**Work to complete**
Every entry is to be copied exactly as written, and the pictures are to be skipped.

** Data follows **

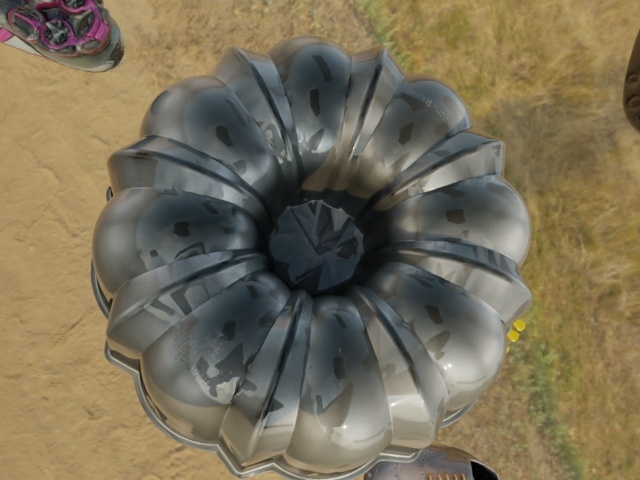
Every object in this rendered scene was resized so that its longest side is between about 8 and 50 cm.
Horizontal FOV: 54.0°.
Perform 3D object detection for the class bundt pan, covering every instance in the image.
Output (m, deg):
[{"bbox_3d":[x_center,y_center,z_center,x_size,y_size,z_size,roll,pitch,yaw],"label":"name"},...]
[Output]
[{"bbox_3d":[0.000,0.000,0.433,0.330,0.124,0.331,2,74,-7],"label":"bundt pan"}]

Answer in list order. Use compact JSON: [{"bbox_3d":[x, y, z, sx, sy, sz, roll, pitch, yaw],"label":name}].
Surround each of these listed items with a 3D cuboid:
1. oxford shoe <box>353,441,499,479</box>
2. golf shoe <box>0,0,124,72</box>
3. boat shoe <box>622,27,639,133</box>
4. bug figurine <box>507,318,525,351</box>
[{"bbox_3d":[0.187,0.404,1.074,0.363,0.132,0.130,14,77,-50],"label":"oxford shoe"},{"bbox_3d":[-0.238,-0.178,0.476,0.186,0.086,0.068,29,83,0],"label":"golf shoe"},{"bbox_3d":[0.335,-0.224,0.471,0.119,0.122,0.324,11,101,-9],"label":"boat shoe"},{"bbox_3d":[0.067,0.046,0.677,0.279,0.072,0.216,43,74,4],"label":"bug figurine"}]

** End of Data **

**Response to this exercise**
Every object in this rendered scene was resized so that its longest side is between about 8 and 50 cm.
Horizontal FOV: 54.0°.
Perform 3D object detection for the class bundt pan, covering every instance in the image.
Output (m, deg):
[{"bbox_3d":[x_center,y_center,z_center,x_size,y_size,z_size,roll,pitch,yaw],"label":"name"},...]
[Output]
[{"bbox_3d":[0.000,0.000,0.433,0.330,0.124,0.331,2,74,-7],"label":"bundt pan"}]

Answer in list order. Use compact JSON: [{"bbox_3d":[x, y, z, sx, sy, sz, roll, pitch, yaw],"label":name}].
Surround each of these listed items with a 3D cuboid:
1. oxford shoe <box>353,441,499,479</box>
2. golf shoe <box>0,0,124,72</box>
3. boat shoe <box>622,27,639,133</box>
4. bug figurine <box>507,318,525,351</box>
[{"bbox_3d":[0.187,0.404,1.074,0.363,0.132,0.130,14,77,-50],"label":"oxford shoe"},{"bbox_3d":[-0.238,-0.178,0.476,0.186,0.086,0.068,29,83,0],"label":"golf shoe"},{"bbox_3d":[0.335,-0.224,0.471,0.119,0.122,0.324,11,101,-9],"label":"boat shoe"},{"bbox_3d":[0.067,0.046,0.677,0.279,0.072,0.216,43,74,4],"label":"bug figurine"}]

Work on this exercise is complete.